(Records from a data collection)
+ + + + + + +

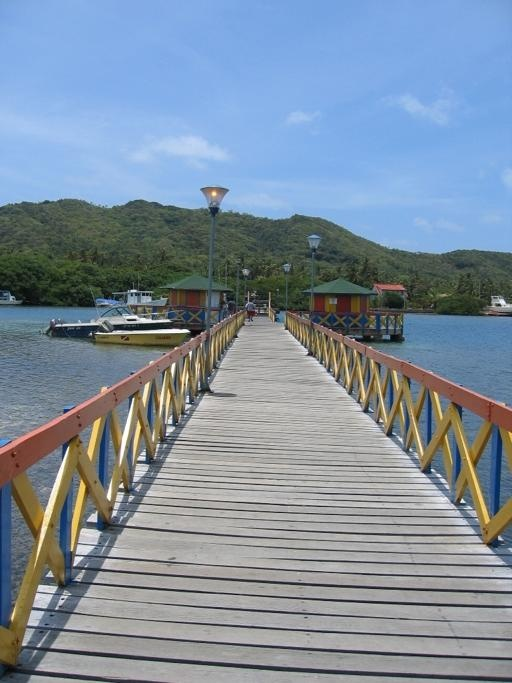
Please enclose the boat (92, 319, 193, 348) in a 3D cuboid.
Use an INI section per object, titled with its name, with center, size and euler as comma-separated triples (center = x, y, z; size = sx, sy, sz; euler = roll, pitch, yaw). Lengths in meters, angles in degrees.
[boat]
center = -6.348, -0.406, 31.989
size = 4.378, 0.991, 1.544
euler = 1, 8, 6
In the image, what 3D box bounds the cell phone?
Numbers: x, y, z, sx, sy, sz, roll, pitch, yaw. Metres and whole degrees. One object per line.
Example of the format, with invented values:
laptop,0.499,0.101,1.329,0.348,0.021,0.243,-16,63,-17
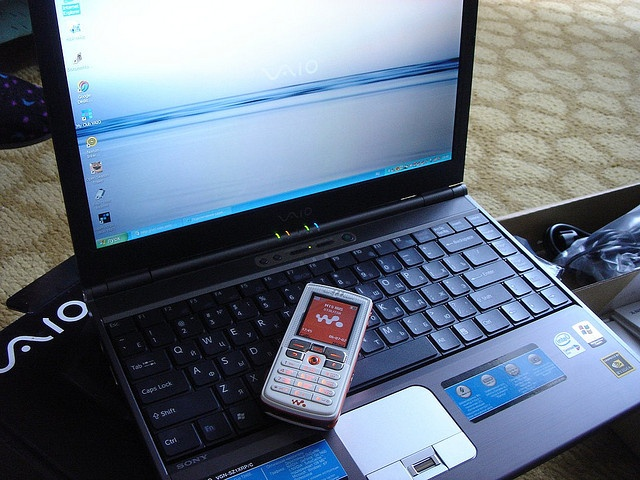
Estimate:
cell phone,-0.003,0.126,0.554,0.095,0.034,0.152,16,50,11
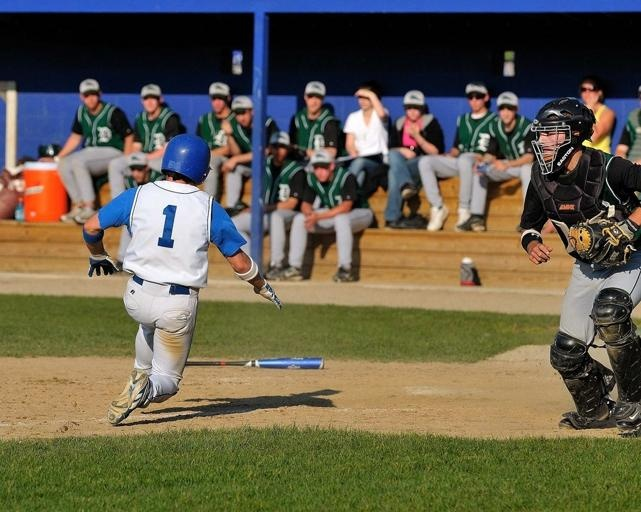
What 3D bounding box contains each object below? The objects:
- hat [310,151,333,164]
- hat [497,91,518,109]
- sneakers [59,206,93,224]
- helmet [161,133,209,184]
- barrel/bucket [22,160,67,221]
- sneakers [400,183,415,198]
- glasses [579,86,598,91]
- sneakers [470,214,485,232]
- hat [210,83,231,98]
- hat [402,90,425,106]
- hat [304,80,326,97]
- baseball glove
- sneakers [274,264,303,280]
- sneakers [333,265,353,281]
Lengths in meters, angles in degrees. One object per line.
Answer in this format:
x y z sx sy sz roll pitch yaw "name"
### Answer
0.012 -1.225 17.348 0.273 0.166 0.427 0 12 -1 "hat"
2.367 -1.992 17.759 0.221 0.187 0.332 0 8 14 "hat"
-3.137 -0.526 18.140 0.457 0.221 0.188 3 10 -6 "sneakers"
-1.130 -0.884 12.171 0.371 0.361 0.436 15 25 6 "helmet"
-3.549 -0.886 18.831 0.710 0.810 0.708 -1 2 0 "barrel/bucket"
1.104 -0.818 17.568 0.190 0.225 0.313 1 12 3 "sneakers"
3.291 -2.087 17.221 0.141 0.050 0.147 3 -2 37 "glasses"
1.963 -0.406 17.485 0.206 0.210 0.226 -1 12 -8 "sneakers"
-1.290 -2.207 18.176 0.202 0.160 0.300 2 -3 5 "hat"
1.218 -2.057 18.045 0.194 0.162 0.303 1 6 8 "hat"
-0.066 -2.205 18.254 0.200 0.171 0.309 6 6 -1 "hat"
2.425 -0.107 12.005 0.484 0.256 0.383 -11 20 -38 "baseball glove"
-0.398 0.230 17.409 0.351 0.161 0.132 3 -1 -5 "sneakers"
0.304 0.244 17.244 0.277 0.201 0.181 -6 13 -26 "sneakers"

+ + + + + + +

GOAL OF THE EXERCISE: In the records above, how many lines hold the string "format"? Give the number only.

ANSWER TO THIS EXERCISE: 2